Developing Patience and Understanding with CNNs

My first attempt at creating a convolutional neural network equally tested me on my patience and understanding of how they work. On a machine with limited capabilities, I pursued creating a Convolutional Neural Network (CNN) that can identify an image of numerous traffic signs with high accuracy. This problem is a great way to learn and understand convolutional neural networks, as this problem and system is used within self driving cars. Self driving cars need to be able to detect traffic signs, correctly identify what the sign means, and act upon it to safely transport passengers to their destination.
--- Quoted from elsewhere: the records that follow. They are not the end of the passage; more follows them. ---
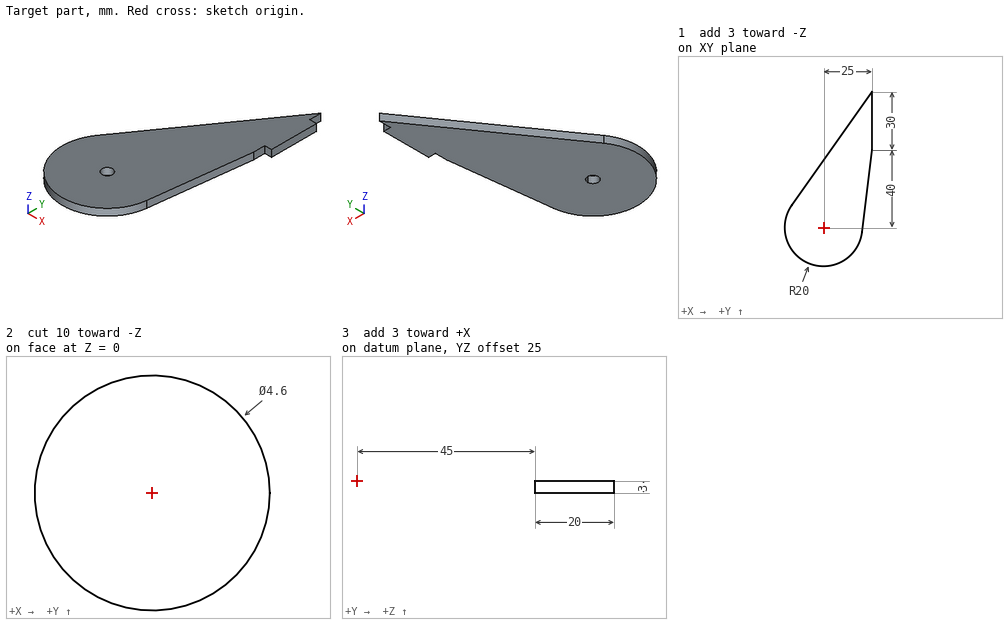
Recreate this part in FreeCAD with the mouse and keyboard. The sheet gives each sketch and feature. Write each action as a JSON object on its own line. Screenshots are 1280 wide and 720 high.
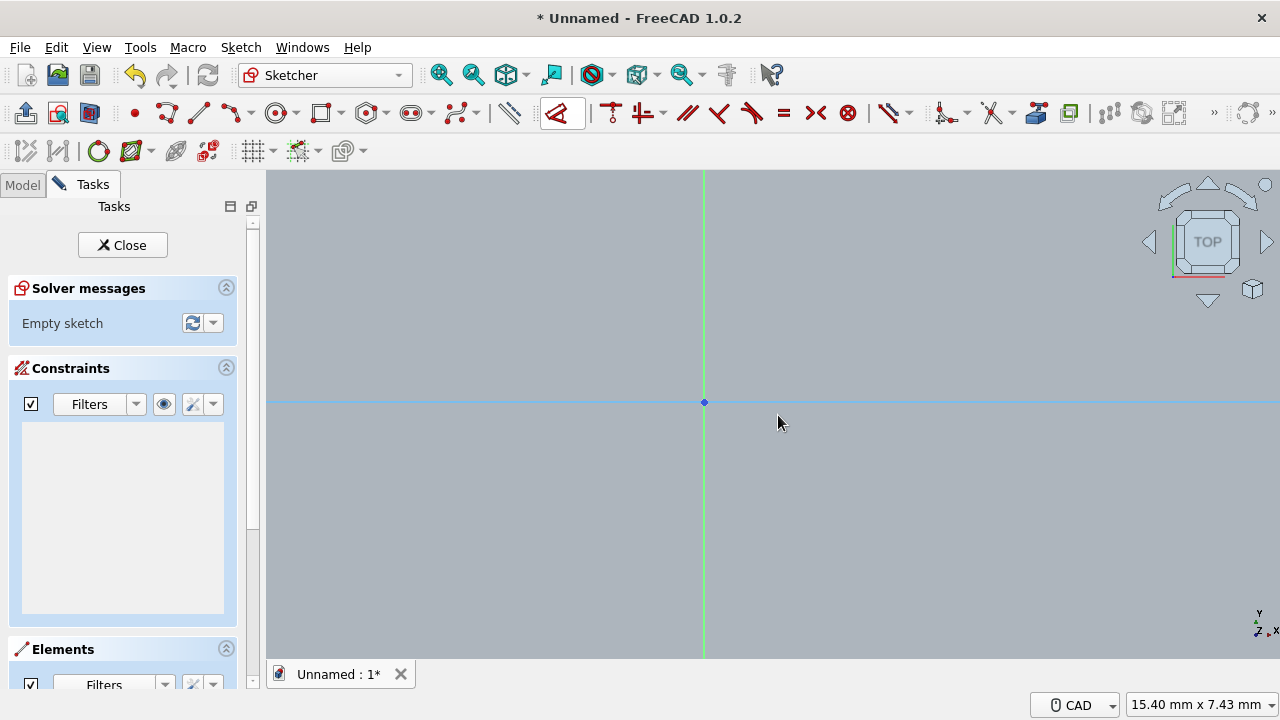
{"action": "left_click", "coordinate": [276, 114]}
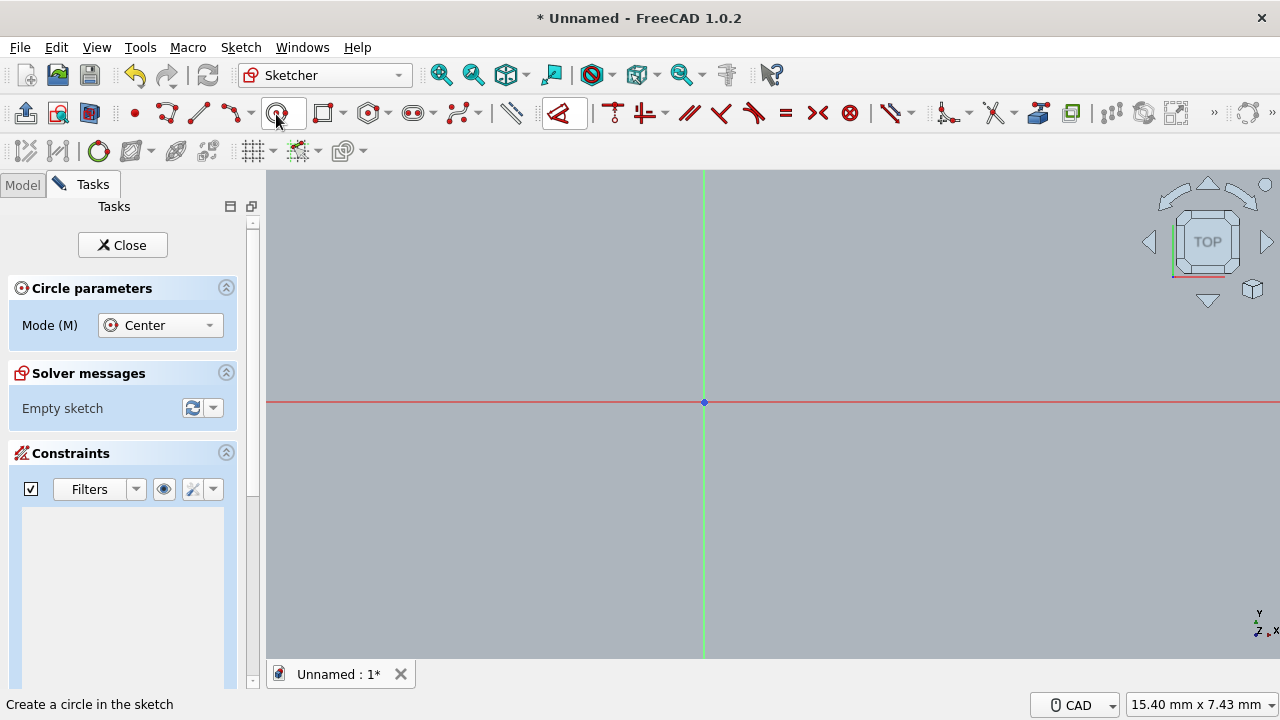
{"action": "left_click", "coordinate": [704, 402]}
{"action": "mouse_move", "coordinate": [811, 295]}
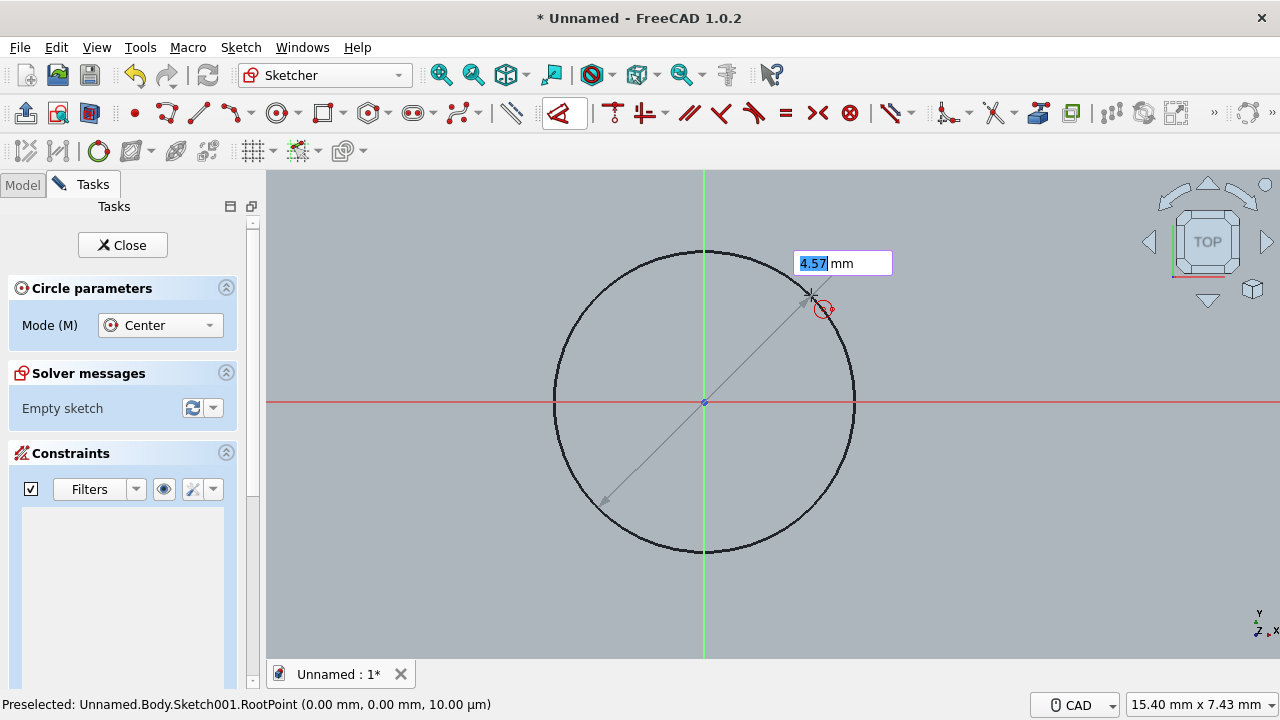
{"action": "type", "text": "4.6"}
{"action": "key", "text": "Return"}
{"action": "key", "text": "Escape"}

I retrieved a dataset of over 30,000 images of 43 different traffic signs, and created a CNN that could identify them with as high of accuracy as I could.
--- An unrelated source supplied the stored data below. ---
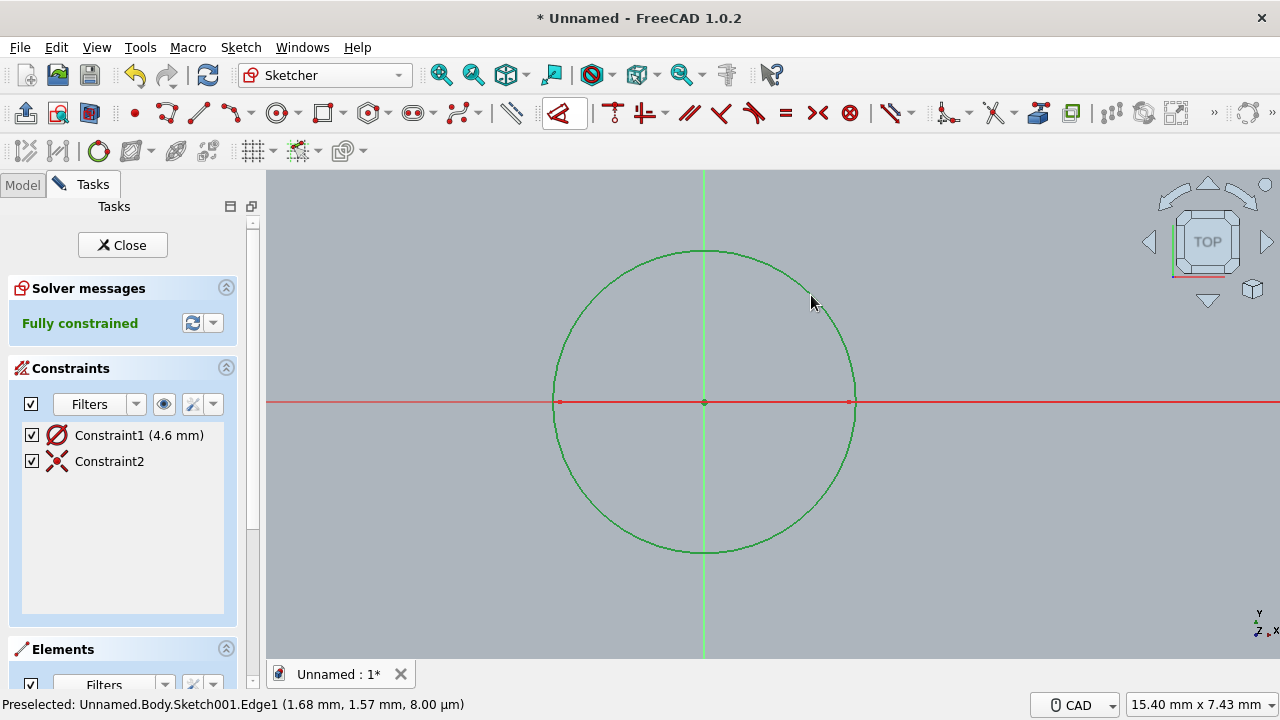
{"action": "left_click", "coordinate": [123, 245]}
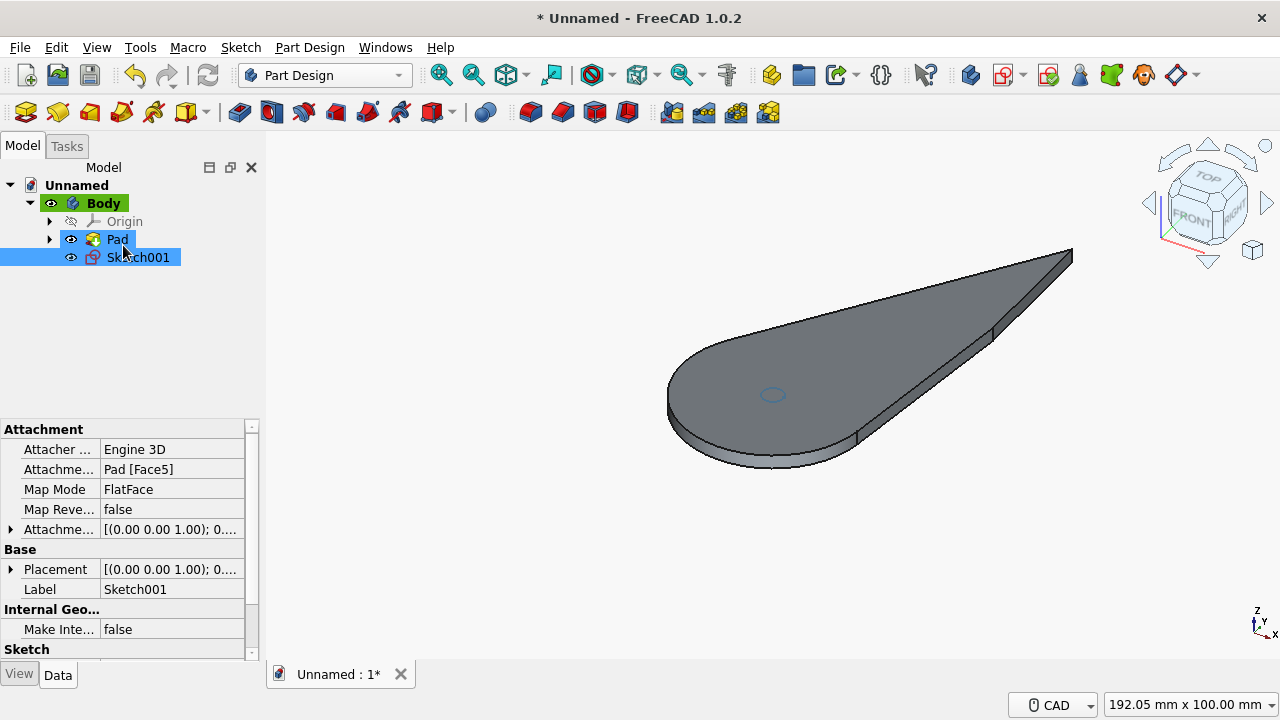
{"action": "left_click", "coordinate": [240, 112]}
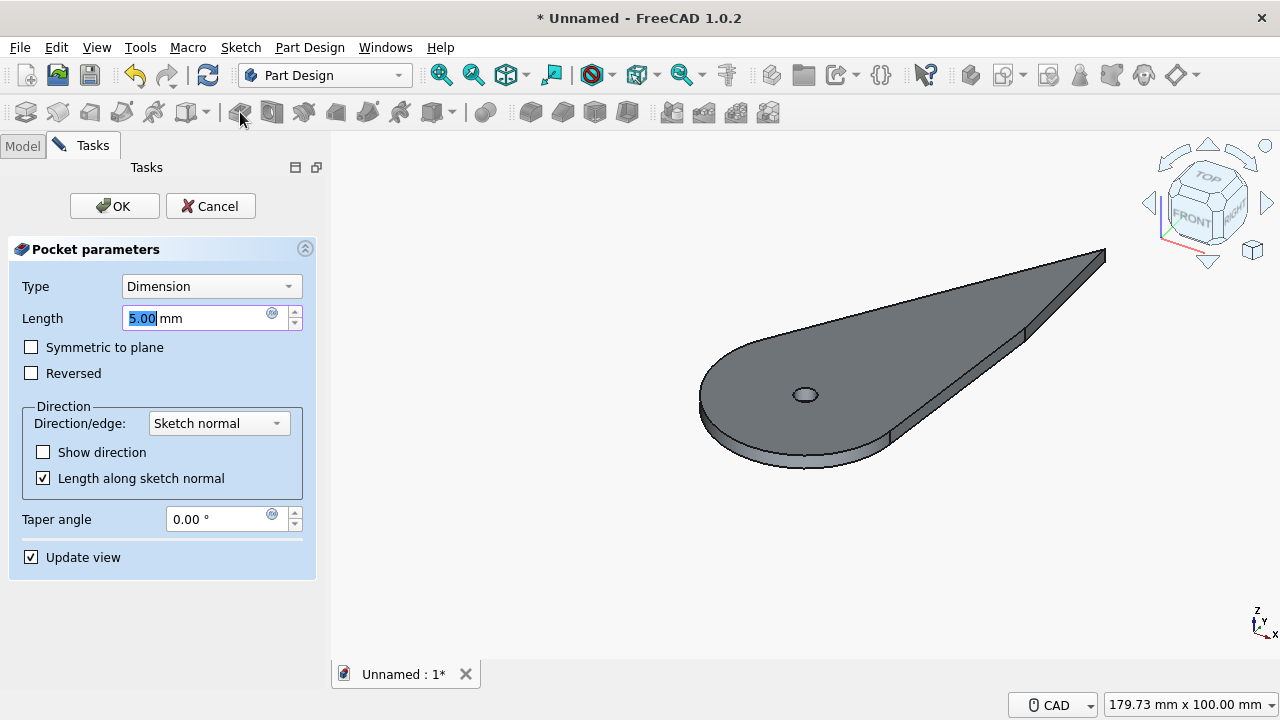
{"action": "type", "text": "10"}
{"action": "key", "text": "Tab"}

My appraoch to this problem is a common approach to a lot of CNN type problems. My first step was going to take all my training images and pre process them so that the only difference between all my images was the difference in the signs. Some images come in different sizes, color hues, and angles, and if we can process them all to get them in a sense on the same playing field, it will make the learning step of our CNN a little easier. The next step, which is one that is different amongst CNN approaches, was for me to store the information of each image into numpy arrays. With how the data was given to me, it would be very difficult to split them into training and validation sets for our CNN to learn and validate with doing this step. By converting the images into numerical arrays, I am able to easily split them into 80% training images, and 20% validation images with one line of code.

Given the computational limitations of my machine, I only used 10,000 of the 30,000 training images. This reduced the time it took my machine to run through each epochs in the learning phase. As far as building my CNN architecture, I wanted to make it a few convolutional layers deep. I started with 4 convolutional layers with every other layer having a pooling layer and dropout layer provided. This meant that after every 2 convolutional layers of learning, we pooled our features for computational simplicity, and then droped the least important information to reduce the likelihood of overfitting.
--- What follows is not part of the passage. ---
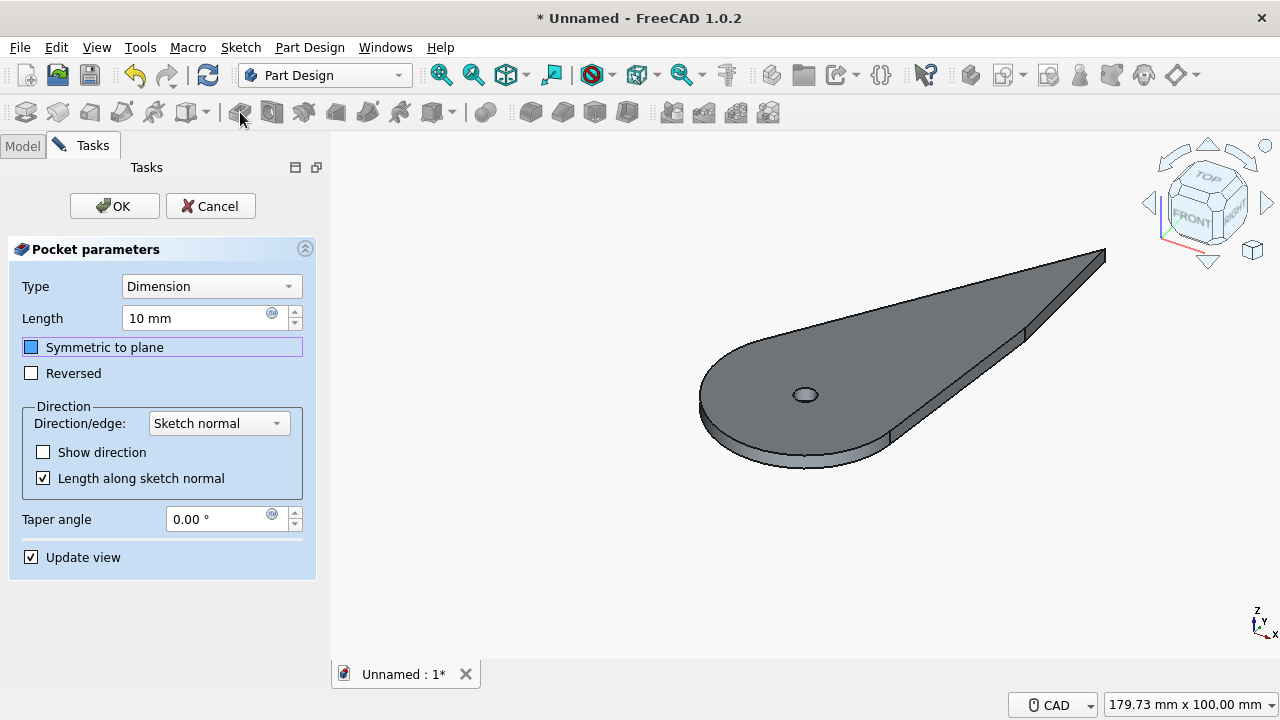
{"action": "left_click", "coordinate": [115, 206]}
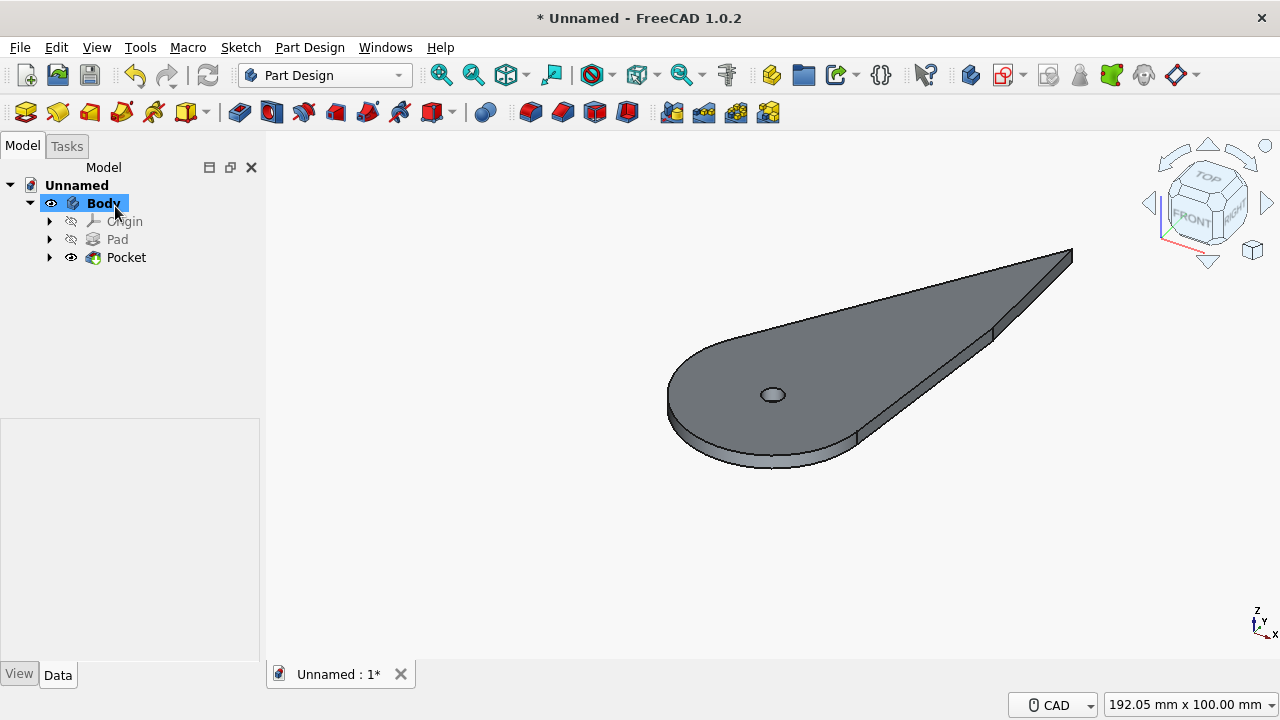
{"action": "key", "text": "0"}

After running 30 epochs through my initial CNN, we actually created a model that was 97% accuracy with our validation images. For a first and simple network that took roughly 45 mins to learn (relatively slow machine), I thought that this initial model served its purpose in my understanding of how powerful a simple CNN can be in learning images. I moved on to using our initial CNN to test on our 10,000 testing images, and we ended up having an accuracy of about 94%.

In a real world setting, there are a couple of other steps I would have taken in further developing this CNN. First off, if I had the time and computing power, I would have deepened the CNN by adding more layers, as well as having layers with more neurons. I believe this would have increased our accuracy on both the validation and testing images. When it comes to traffic sign classifcation in a real world setting with self driving cars, we need this accuracy to be as high as possible to reduce the likelihood of accidents. The other step I would take would be to augment all my training images to different possible shades of colors, angles, and blurriness, so that we can test our model on as many possible scenarios a self driving car might capture an image of a traffic sign as possible. I did create an augmented dataset, and my model was taking over 30 minutes to run one epochs through our CNN.

I learned alot about how powerful a CNN can be in image classification, as well as how patiences can influence a machine learning engineer into carefully designing their CNN architectures. With more powerful machines to use, CNN’s tend to be the leader in industry in how machines can recognize and act upon images within artificial intelligence.